59th Lieutenant Governor of South Carolina
- In office December 30, 1886 – December 4, 1890
- Governor: Hugh Smith Thompson
- Preceded by: John Calhoun Sheppard
- Succeeded by: Eugene B. Gary

Member of the South Carolina Senate from Greenville County
- In office 1884–1886
- In office 1904–1912

Member of the South Carolina House of Representatives from Greenville County
- In office 1882–1884
- In office 1898–1904

7th Mayor of Greenville, South Carolina
- In office 1877–1879
- Preceded by: William C. Cleveland
- Succeeded by: Samuel A. Townes

Personal details
- Born: June 13, 1845 Greenville, South Carolina, U.S.
- Died: August 13, 1912 (aged 67) Greenville, South Carolina, U.S.
- Resting place: Springwood Cemetery
- Party: Democratic
- Spouse: Eliza Thompson Kern ​(m. 1871)​
- Children: 6, 5 surviving him

= William L. Mauldin =

American politician and railroad executive from South Carolina

William Lawrence Mauldin (June 13, 1845 – August 13, 1912) was a South Carolina politician and railroad executive.

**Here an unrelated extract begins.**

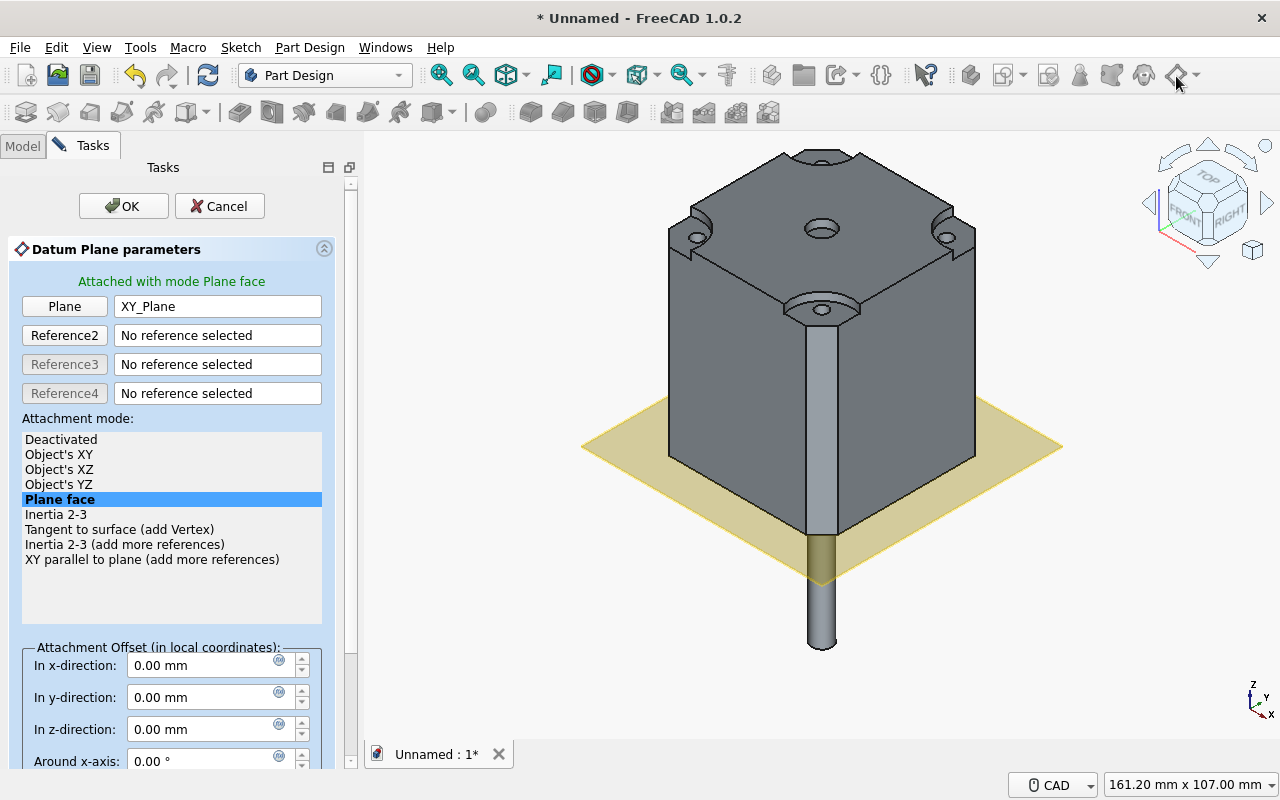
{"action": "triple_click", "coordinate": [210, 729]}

He was mayor of Greenville, a member of the South Carolina House of Representatives, a member of the South Carolina Senate, and the 59th lieutenant governor of South Carolina. The University of North Carolina has a collection of his papers.

==Early life==
Born in Greenville, South Carolina, to Samuel and Caroline née McHardy Mauldin, he had a brother named Belton, and a sister, Elizabeth. Mauldin attended Furman University (1855–1860) and worked as a druggist and farmer. During the Civil War, in November 1861, he enlisted into the Confederate States Army and served in South Carolina's 6th cavalry regiment for a year; in June 1863, he reenlisted and served with the 2nd regiment through the end of the war. Mauldin married Eliza Thompson Kern in 1871.

==Political service==
In 1877, Mauldin was elected mayor of Greenville. In 1882 he was elected to the South Carolina House of Representatives. In 1884 he became a member of the South Carolina Senate. Mauldin served two terms as lieutenant governor from December 1886 to December 1890. He cast a tie-breaking vote to approve usage of the Clemson/Calhoun estate to establish Clemson University. Mauldin was elected again to the state house in 1898 with reelection in 1902, then to the state senate again in 1904, wherein he remained a senator until retiring after the 1911–12 session.

==Legacy==
Mauldin, South Carolina, is named for him. He brought the Greenville and Laurens Railroad, of which he was president, through the village. The original train depot was erected in 1886 and bore Mauldin's name.